The report also stated that in the 30 days prior to the survey, 9% of respondents had used cannabis, and that proportion increased substantially with age and was more prevalent amongst males than females.

When compared to the 2007 GSHS data, the overall prevalence of cannabis use in youth was lower in 2015 by margin of 2%. Boys who had ever used cannabis dropped from 19% to 16%, while usage by girls dropped from 7% to 6%.
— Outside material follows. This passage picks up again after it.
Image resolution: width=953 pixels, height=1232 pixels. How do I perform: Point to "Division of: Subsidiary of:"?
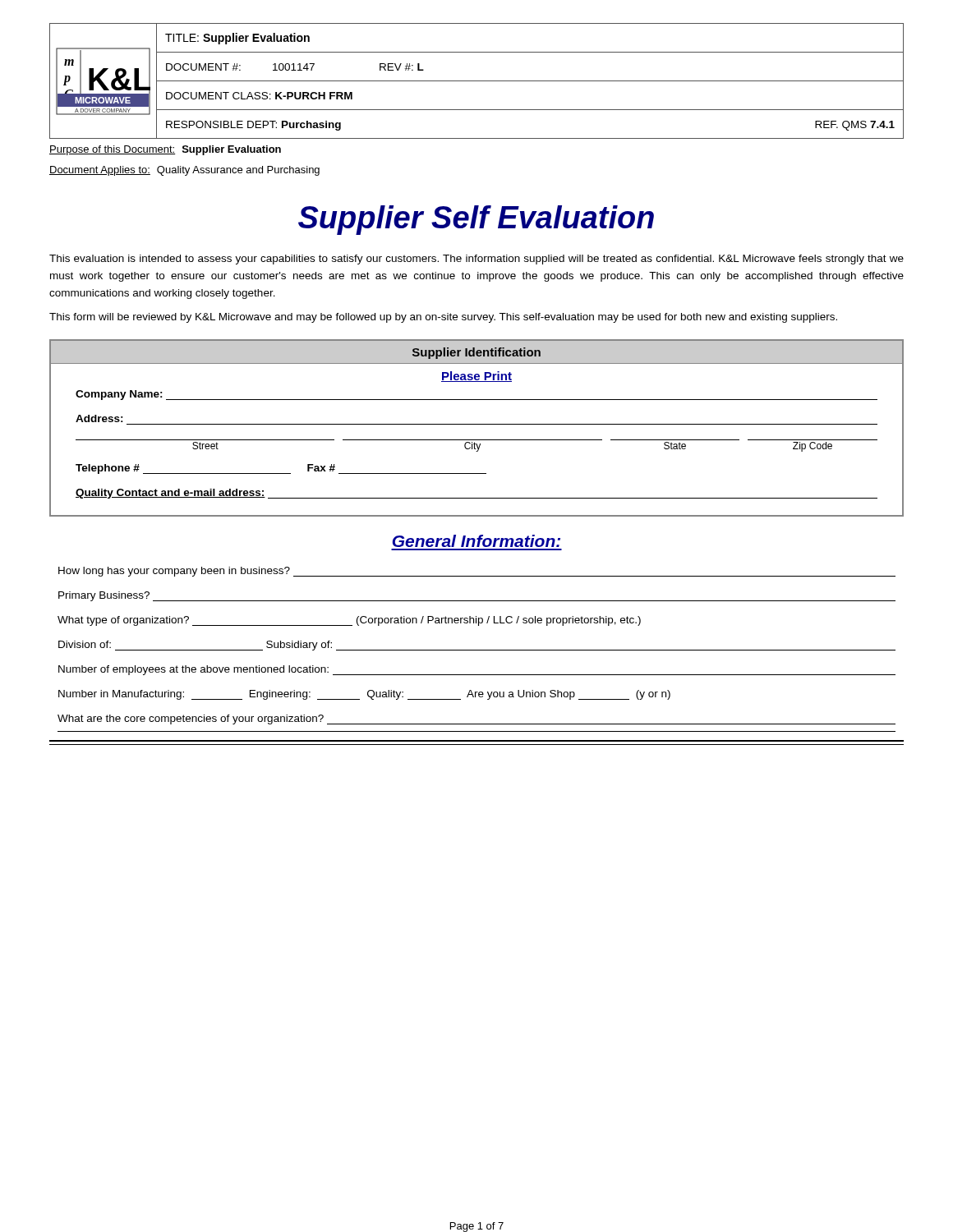click(x=476, y=643)

A 2011 paper, which used data from the 2007 GSHS, looked at the psychosocial characteristics driving cannabis use within Seychelles’ youth. The paper found that, in this study group, cannabis use was correlated with attempted suicide, insomnia, truancy, feelings of social isolation, and parental disinterest. The researchers considered these psychosocial characteristics to be explanatory for substance abuse, noting that it has been suggested that young people facing these challenges may try to cope with stress and relieve depression by engaging in substance use. The paper also found that while males favored cannabis as an intoxicant, females were inclined towards alcohol use. The researchers concluded by stating need to address the prevention of substance use through comprehensive interventions, and that gender differences should be carefully evaluated when formulating prevention interventions.